What needs to be done:
Go through the data below and copy each line that includes "roll".

(Items from a dataset)
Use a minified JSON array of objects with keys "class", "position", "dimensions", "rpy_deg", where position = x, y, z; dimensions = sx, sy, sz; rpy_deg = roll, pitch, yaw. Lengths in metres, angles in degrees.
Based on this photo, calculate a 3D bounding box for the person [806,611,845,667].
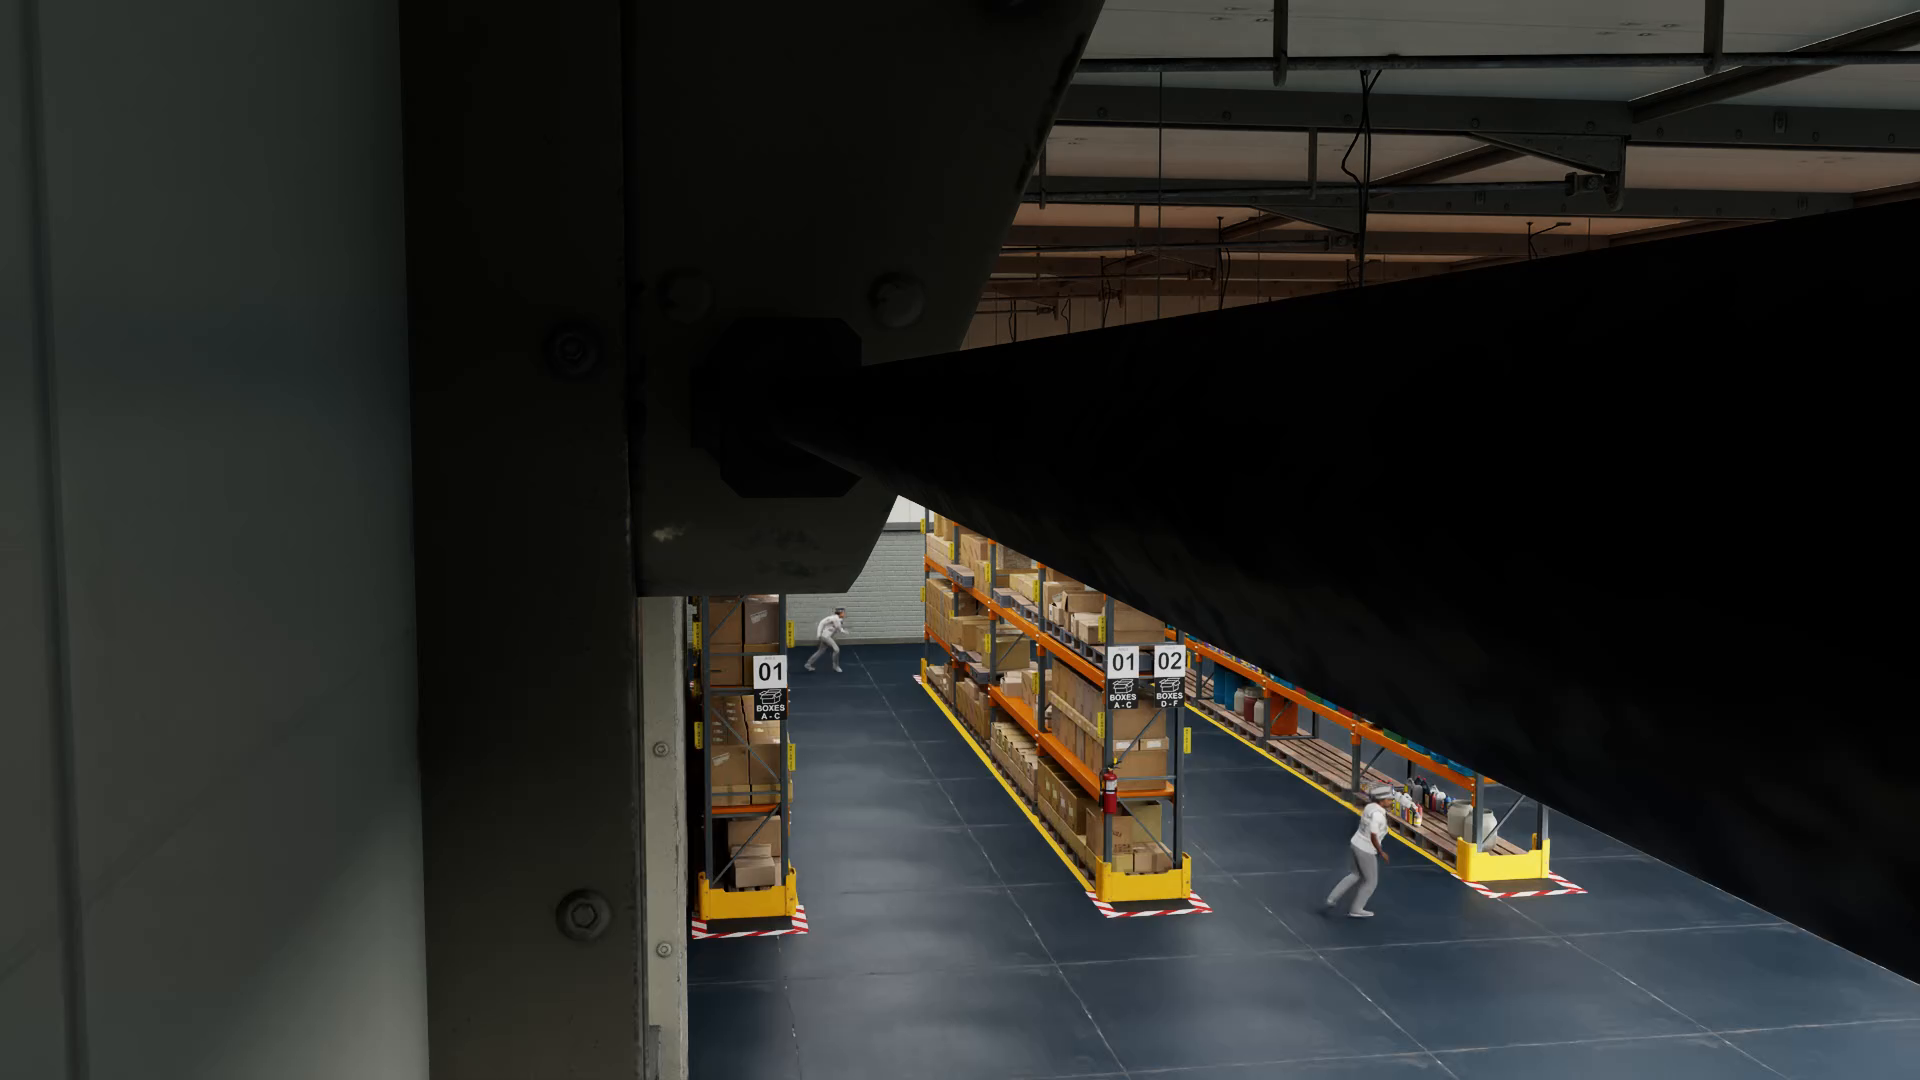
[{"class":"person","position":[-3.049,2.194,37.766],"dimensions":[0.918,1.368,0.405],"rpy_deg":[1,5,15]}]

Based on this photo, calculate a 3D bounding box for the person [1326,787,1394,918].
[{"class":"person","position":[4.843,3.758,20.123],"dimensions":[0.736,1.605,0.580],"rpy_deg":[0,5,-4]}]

---

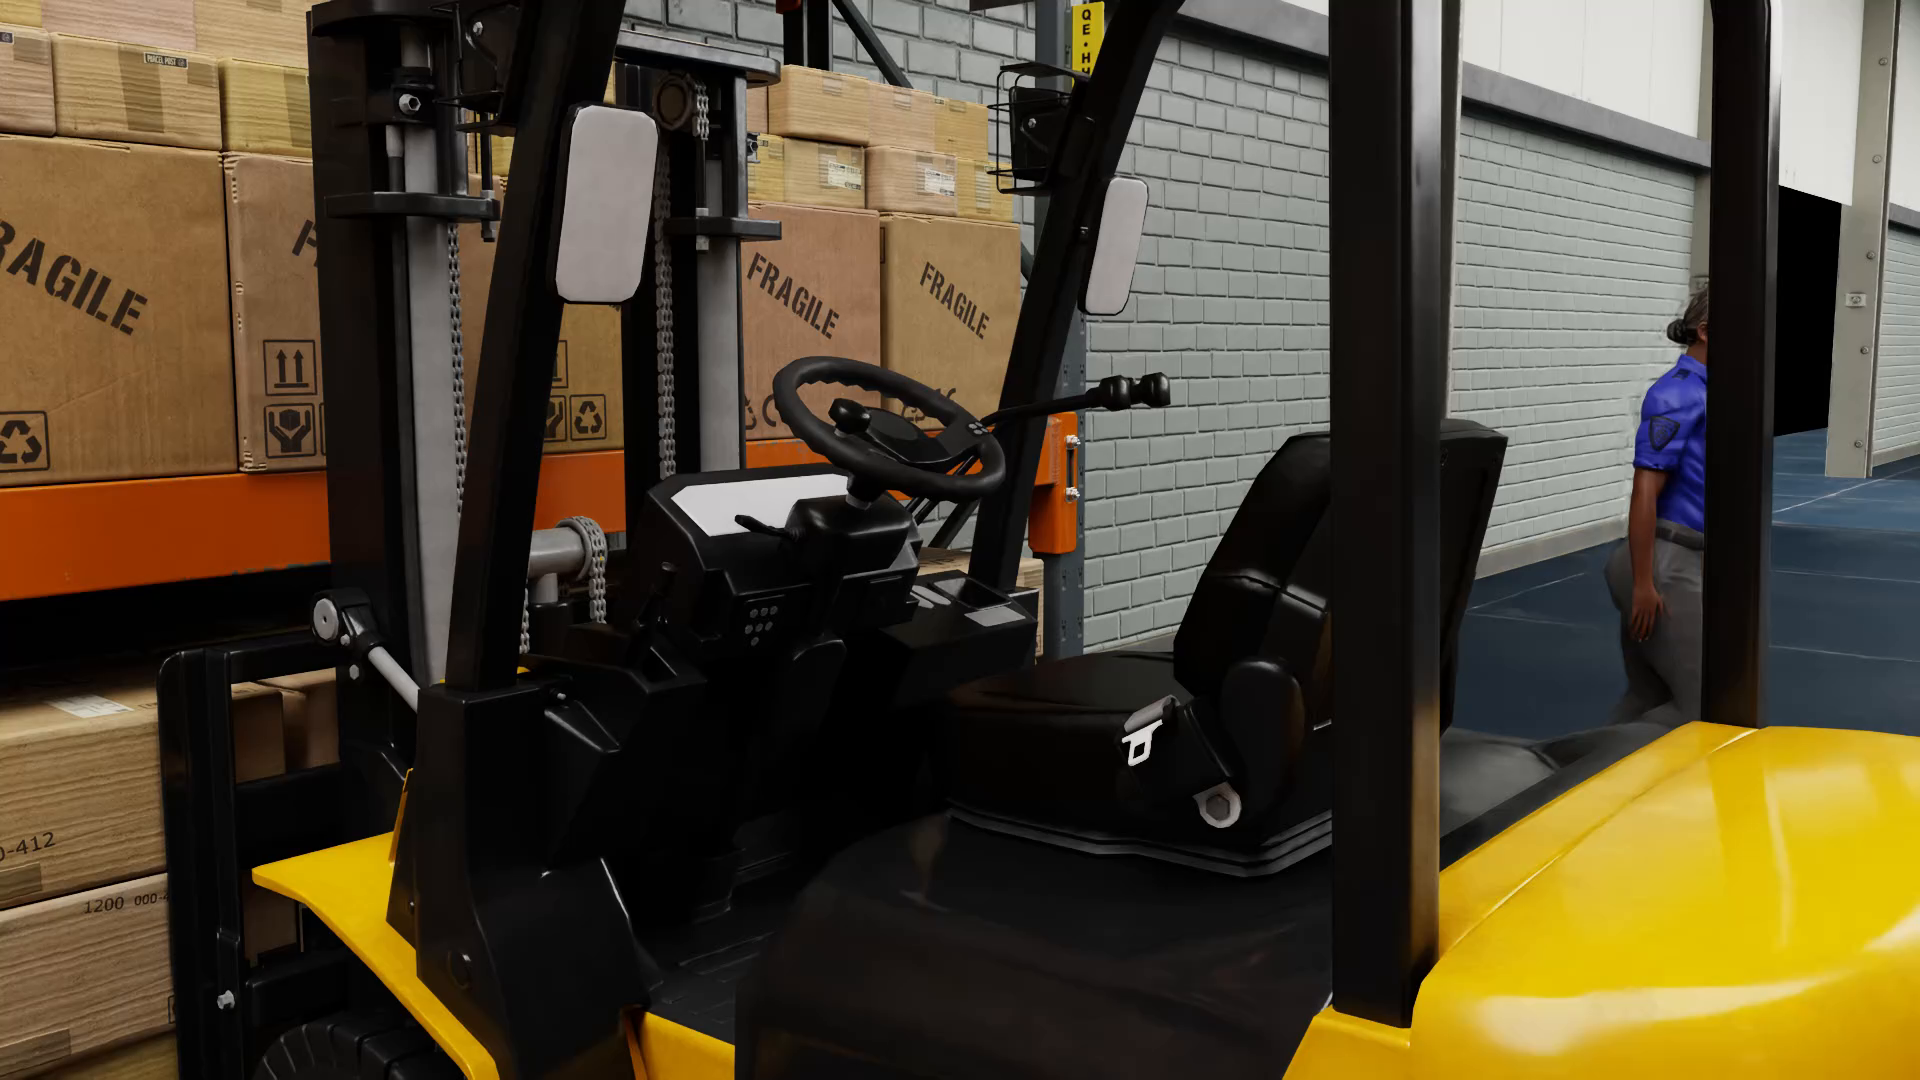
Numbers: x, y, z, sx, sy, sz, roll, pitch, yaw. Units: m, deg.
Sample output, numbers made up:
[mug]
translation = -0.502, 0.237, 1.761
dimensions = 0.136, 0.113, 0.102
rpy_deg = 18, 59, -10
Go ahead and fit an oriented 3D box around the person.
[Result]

Solution to this problem:
Use a minified JSON array of objects with keys "class", "position", "dimensions", "rpy_deg", where position = x, y, z; dimensions = sx, sy, sz; rpy_deg = roll, pitch, yaw. Lengths in metres, angles in degrees.
Numbers: x, y, z, sx, sy, sz, roll, pitch, yaw. Units: m, deg.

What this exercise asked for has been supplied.